>>>>

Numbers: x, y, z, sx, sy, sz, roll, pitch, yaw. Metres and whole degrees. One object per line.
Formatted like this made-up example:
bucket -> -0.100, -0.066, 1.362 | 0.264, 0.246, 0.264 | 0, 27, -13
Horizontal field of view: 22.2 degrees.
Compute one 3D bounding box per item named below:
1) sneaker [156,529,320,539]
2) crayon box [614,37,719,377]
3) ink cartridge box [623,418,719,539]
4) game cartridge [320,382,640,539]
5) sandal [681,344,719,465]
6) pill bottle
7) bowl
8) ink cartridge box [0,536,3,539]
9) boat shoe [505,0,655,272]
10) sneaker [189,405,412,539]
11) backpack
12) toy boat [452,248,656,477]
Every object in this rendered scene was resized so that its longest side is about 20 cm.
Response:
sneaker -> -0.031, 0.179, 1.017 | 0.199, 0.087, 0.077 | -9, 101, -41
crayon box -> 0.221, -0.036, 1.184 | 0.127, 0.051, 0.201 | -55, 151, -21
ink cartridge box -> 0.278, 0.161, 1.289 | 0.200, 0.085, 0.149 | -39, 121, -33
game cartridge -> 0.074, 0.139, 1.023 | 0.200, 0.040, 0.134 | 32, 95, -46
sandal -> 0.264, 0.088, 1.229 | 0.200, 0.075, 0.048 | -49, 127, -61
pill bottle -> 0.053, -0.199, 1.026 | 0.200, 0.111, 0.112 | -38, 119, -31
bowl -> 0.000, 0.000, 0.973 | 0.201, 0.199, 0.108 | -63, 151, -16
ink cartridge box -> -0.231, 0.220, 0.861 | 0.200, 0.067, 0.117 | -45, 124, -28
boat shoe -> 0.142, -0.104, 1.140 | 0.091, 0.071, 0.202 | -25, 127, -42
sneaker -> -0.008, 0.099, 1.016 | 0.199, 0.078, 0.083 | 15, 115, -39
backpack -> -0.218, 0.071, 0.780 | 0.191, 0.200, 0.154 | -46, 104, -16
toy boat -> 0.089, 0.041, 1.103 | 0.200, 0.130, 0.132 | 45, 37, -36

<<<<

▶ [Work to be completed]
The lines running from the start of the data through the one that contains "Every object in" should be reproduced exactly, and only those.

▶ [Answer box]
Numbers: x, y, z, sx, sy, sz, roll, pitch, yaw. Metres and whole degrees. One object per line.
Formatted like this made-up example:
bucket -> -0.100, -0.066, 1.362 | 0.264, 0.246, 0.264 | 0, 27, -13
Horizontal field of view: 22.2 degrees.
Compute one 3D bounding box per item named below:
1) sneaker [156,529,320,539]
2) crayon box [614,37,719,377]
3) ink cartridge box [623,418,719,539]
4) game cartridge [320,382,640,539]
5) sandal [681,344,719,465]
6) pill bottle
7) bowl
8) ink cartridge box [0,536,3,539]
9) boat shoe [505,0,655,272]
10) sneaker [189,405,412,539]
11) backpack
12) toy boat [452,248,656,477]
Every object in this rendered scene was resized so that its longest side is about 20 cm.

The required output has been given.